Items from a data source
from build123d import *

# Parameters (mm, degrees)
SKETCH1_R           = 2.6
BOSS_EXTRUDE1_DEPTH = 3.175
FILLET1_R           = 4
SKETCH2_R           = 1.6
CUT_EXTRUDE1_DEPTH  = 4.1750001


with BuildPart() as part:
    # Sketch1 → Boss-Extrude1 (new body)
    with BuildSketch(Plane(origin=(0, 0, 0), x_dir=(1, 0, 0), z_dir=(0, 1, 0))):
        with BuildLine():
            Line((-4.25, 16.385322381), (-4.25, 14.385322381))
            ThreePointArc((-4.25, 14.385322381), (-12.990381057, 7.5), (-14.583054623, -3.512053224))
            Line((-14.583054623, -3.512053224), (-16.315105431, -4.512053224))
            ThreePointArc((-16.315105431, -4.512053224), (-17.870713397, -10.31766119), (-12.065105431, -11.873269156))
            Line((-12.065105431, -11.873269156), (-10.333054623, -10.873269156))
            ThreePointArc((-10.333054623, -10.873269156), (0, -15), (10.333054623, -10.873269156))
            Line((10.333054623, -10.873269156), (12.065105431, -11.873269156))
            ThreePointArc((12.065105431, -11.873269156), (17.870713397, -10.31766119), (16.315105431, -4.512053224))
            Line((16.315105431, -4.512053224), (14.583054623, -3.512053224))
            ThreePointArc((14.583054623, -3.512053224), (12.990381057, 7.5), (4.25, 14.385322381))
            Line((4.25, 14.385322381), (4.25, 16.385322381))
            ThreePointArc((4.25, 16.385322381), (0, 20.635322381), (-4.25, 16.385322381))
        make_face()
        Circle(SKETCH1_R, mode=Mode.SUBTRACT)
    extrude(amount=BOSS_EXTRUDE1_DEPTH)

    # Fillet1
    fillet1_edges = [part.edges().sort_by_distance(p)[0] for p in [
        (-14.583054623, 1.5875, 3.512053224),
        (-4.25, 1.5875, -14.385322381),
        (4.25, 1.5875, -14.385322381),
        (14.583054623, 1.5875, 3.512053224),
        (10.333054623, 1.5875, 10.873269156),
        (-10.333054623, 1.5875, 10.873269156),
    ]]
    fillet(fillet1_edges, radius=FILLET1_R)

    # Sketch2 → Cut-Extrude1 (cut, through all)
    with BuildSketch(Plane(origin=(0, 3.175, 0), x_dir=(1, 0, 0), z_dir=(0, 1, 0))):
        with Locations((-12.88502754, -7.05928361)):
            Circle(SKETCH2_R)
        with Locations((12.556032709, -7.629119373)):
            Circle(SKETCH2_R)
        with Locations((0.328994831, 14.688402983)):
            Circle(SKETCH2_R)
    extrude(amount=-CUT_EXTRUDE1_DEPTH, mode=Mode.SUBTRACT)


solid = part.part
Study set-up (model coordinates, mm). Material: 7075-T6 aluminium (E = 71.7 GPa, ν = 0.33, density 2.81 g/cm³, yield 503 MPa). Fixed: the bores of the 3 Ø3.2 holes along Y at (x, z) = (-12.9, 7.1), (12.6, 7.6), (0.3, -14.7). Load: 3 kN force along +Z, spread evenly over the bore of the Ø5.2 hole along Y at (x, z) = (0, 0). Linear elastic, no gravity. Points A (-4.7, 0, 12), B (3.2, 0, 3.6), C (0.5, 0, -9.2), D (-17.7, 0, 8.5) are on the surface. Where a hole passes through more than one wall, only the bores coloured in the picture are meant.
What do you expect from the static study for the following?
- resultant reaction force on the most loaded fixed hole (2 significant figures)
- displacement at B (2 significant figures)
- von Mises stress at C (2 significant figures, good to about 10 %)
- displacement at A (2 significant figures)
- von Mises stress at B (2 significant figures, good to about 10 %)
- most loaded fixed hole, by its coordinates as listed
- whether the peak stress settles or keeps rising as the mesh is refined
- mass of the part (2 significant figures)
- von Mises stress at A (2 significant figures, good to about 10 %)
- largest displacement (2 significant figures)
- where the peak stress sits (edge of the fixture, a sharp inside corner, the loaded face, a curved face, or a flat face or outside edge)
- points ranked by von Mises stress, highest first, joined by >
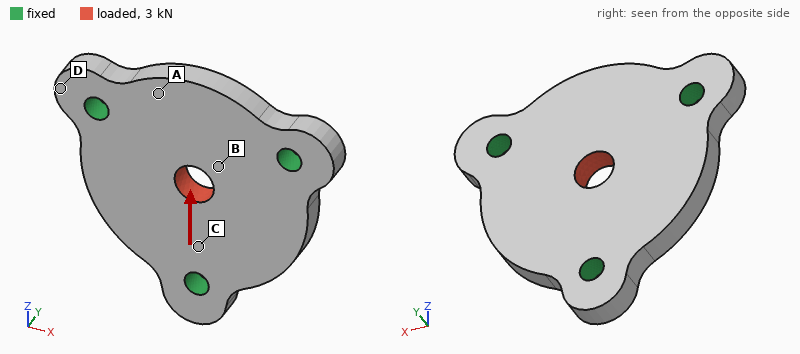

Activity: Give back exactly the lines above starting at the line where "Line((16.315105431, -4.512053224), (14.583054623, -3.512053224))" appears and ending at the line where "solid = part.part" appears, both included, with no other lines.

Answer to this task:
            Line((16.315105431, -4.512053224), (14.583054623, -3.512053224))
            ThreePointArc((14.583054623, -3.512053224), (12.990381057, 7.5), (4.25, 14.385322381))
            Line((4.25, 14.385322381), (4.25, 16.385322381))
            ThreePointArc((4.25, 16.385322381), (0, 20.635322381), (-4.25, 16.385322381))
        make_face()
        Circle(SKETCH1_R, mode=Mode.SUBTRACT)
    extrude(amount=BOSS_EXTRUDE1_DEPTH)

    # Fillet1
    fillet1_edges = [part.edges().sort_by_distance(p)[0] for p in [
        (-14.583054623, 1.5875, 3.512053224),
        (-4.25, 1.5875, -14.385322381),
        (4.25, 1.5875, -14.385322381),
        (14.583054623, 1.5875, 3.512053224),
        (10.333054623, 1.5875, 10.873269156),
        (-10.333054623, 1.5875, 10.873269156),
    ]]
    fillet(fillet1_edges, radius=FILLET1_R)

    # Sketch2 → Cut-Extrude1 (cut, through all)
    with BuildSketch(Plane(origin=(0, 3.175, 0), x_dir=(1, 0, 0), z_dir=(0, 1, 0))):
        with Locations((-12.88502754, -7.05928361)):
            Circle(SKETCH2_R)
        with Locations((12.556032709, -7.629119373)):
            Circle(SKETCH2_R)
        with Locations((0.328994831, 14.688402983)):
            Circle(SKETCH2_R)
    extrude(amount=-CUT_EXTRUDE1_DEPTH, mode=Mode.SUBTRACT)


solid = part.part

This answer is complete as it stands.